Al principio y hasta poco tiempo después, Kniva siguió al pie de la letra mis instrucciones y fue de un lado para otro bebiendo y comentando en voz alta las virtudes (si es que «virtudes» es la palabra adecuada) de la dama Veleda, recién llegada a la ciudad. Desde luego, al principio, los que acudieron eran hombres bastos y patanes de los que frecuentan las bodegas, a quienes rechacé desdeñosa. Luego, conforme Kniva siguió proclamando mi hermosura y mis proezas —y a medida que los rechazados difundían mi hermosura y mi aborrecible presunción— comenzaron a rondarme pretendientes de más alcurnia, a quienes también rechacé, hasta que, finalmente, comenzaron a llegar los criados de hombres importantes solicitando mis favores de parte de sus amos. También despaché a esos emisarios, sin malos modales, diciéndoles que tenía que ver yo misma al pretendiente para juzgar, por muchos títulos que tuviera; los criados desfilaron retorciéndose las manos, convencidos de ser recibidos a patadas por sus señores.
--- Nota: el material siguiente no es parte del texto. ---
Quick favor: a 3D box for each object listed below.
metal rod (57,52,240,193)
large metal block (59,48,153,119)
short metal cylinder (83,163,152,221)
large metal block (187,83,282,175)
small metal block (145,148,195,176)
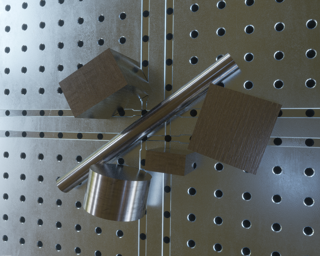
[{"bbox_3d":[-0.027,0.001,0.420,0.300,0.025,0.025,-36,79,16],"label":"metal rod"},{"bbox_3d":[-0.068,-0.053,0.407,0.080,0.080,0.050,-30,81,17],"label":"large metal block"},{"bbox_3d":[-0.055,0.081,0.401,0.080,0.080,0.050,12,94,19],"label":"short metal cylinder"},{"bbox_3d":[0.088,0.000,0.365,0.080,0.050,0.080,20,97,18],"label":"large metal block"},{"bbox_3d":[0.014,0.042,0.394,0.050,0.050,0.025,6,92,19],"label":"small metal block"}]
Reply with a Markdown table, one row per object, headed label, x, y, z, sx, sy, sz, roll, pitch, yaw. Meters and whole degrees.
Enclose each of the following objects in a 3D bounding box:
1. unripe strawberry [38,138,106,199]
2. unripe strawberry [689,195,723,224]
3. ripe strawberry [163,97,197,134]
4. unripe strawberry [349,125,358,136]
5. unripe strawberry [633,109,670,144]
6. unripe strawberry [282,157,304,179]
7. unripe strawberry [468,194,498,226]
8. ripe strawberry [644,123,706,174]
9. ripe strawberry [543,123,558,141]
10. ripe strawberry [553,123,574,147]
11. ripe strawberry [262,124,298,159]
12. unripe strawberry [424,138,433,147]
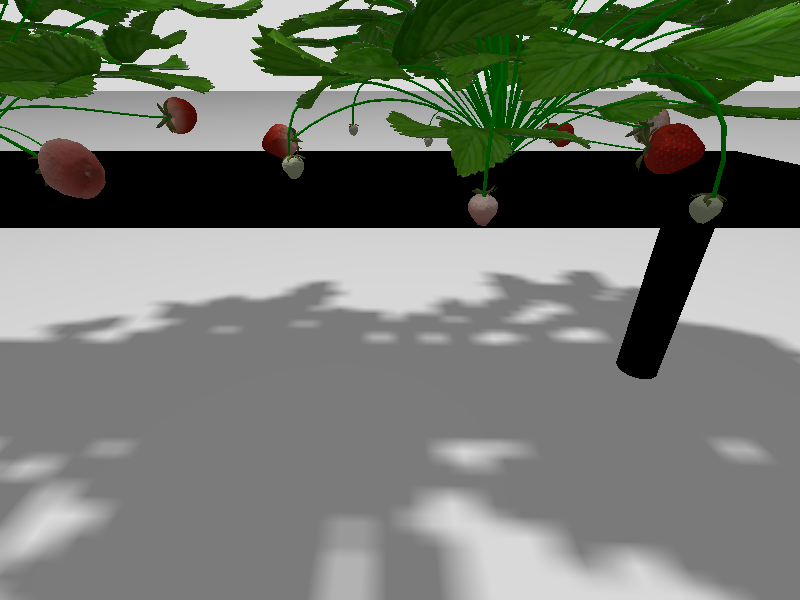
| label | x | y | z | sx | sy | sz | roll | pitch | yaw |
| --- | --- | --- | --- | --- | --- | --- | --- | --- | --- |
| unripe strawberry | -0.181 | -0.072 | 0.223 | 0.031 | 0.032 | 0.029 | 18 | 34 | 28 |
| unripe strawberry | 0.139 | -0.041 | 0.182 | 0.012 | 0.012 | 0.012 | -9 | 30 | -15 |
| ripe strawberry | -0.270 | -0.228 | 0.496 | 0.036 | 0.041 | 0.040 | 13 | 31 | 22 |
| unripe strawberry | -0.051 | -0.185 | 0.435 | 0.010 | 0.011 | 0.011 | 23 | 36 | 35 |
| unripe strawberry | 0.263 | -0.181 | 0.416 | 0.035 | 0.036 | 0.032 | -15 | 32 | -26 |
| unripe strawberry | -0.074 | -0.092 | 0.280 | 0.015 | 0.015 | 0.014 | -10 | 31 | -18 |
| unripe strawberry | 0.039 | -0.042 | 0.190 | 0.014 | 0.015 | 0.015 | 8 | 30 | 14 |
| ripe strawberry | 0.192 | -0.105 | 0.279 | 0.035 | 0.034 | 0.038 | 14 | 32 | 23 |
| ripe strawberry | 0.167 | -0.185 | 0.441 | 0.021 | 0.019 | 0.019 | 17 | 12 | 28 |
| ripe strawberry | 0.165 | -0.165 | 0.401 | 0.020 | 0.023 | 0.022 | 25 | 37 | 38 |
| ripe strawberry | -0.105 | -0.137 | 0.347 | 0.030 | 0.029 | 0.027 | -5 | 28 | 10 |
| unripe strawberry | 0.029 | -0.161 | 0.407 | 0.009 | 0.010 | 0.010 | -18 | 34 | -29 |
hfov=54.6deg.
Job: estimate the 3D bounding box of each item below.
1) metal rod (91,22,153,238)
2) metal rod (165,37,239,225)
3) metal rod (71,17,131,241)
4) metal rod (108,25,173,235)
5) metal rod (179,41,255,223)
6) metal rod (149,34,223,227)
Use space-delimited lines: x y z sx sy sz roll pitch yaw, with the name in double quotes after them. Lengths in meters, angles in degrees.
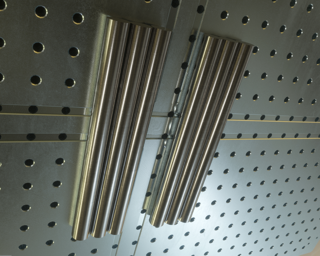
-0.055 0.021 0.392 0.025 0.025 0.298 1 118 -29 "metal rod"
0.052 0.020 0.450 0.025 0.025 0.298 1 118 -29 "metal rod"
-0.078 0.020 0.380 0.025 0.025 0.298 1 118 -29 "metal rod"
-0.033 0.021 0.404 0.025 0.025 0.298 1 118 -29 "metal rod"
0.075 0.021 0.463 0.025 0.025 0.298 1 118 -29 "metal rod"
0.030 0.020 0.438 0.025 0.025 0.298 1 118 -29 "metal rod"
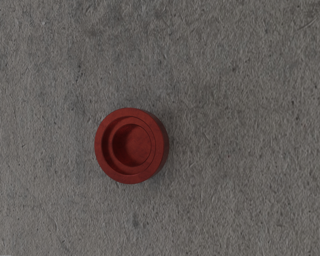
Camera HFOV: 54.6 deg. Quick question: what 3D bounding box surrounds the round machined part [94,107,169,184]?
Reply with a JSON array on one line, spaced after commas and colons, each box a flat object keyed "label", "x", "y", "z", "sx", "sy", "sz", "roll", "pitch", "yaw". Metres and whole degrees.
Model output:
[{"label": "round machined part", "x": -0.034, "y": 0.022, "z": 0.412, "sx": 0.098, "sy": 0.042, "sz": 0.097, "roll": 0, "pitch": 90, "yaw": 20}]
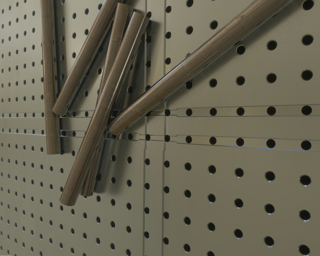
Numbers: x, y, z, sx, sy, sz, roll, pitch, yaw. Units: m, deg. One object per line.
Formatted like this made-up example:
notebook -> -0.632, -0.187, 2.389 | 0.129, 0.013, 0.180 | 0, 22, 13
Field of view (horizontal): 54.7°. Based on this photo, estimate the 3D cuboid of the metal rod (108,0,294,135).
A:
metal rod -> 0.034, -0.072, 0.379 | 0.299, 0.025, 0.025 | -35, 69, 34

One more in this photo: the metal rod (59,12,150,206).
metal rod -> -0.084, -0.021, 0.453 | 0.025, 0.025, 0.298 | 31, 102, 35

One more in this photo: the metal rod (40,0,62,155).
metal rod -> -0.203, -0.101, 0.572 | 0.025, 0.025, 0.298 | -6, 86, 39

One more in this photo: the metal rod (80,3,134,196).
metal rod -> -0.086, -0.036, 0.477 | 0.025, 0.025, 0.298 | 23, 104, 37

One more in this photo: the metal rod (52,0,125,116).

Transcurrió un tiempo hasta que los notables se dignaron comparecer, pues eran hombres acostumbrados a que las mujeres de mi condición acudieran a un mero ademán de ellos o cuando simplemente hacían sonar la bolsa. Comenzaron a llegar, generalmente por la noche; pero venían. Antes de la primera nevada, ya elegía entre los más emclarissimi y lustrissimi de Bononia, y, al haber alcanzado una gran fama por mis desaires, ello me hacía tan irresistible que a los que aceptaba, les pedía —y me la daban— una increíble remuneración por el más pequeño favor.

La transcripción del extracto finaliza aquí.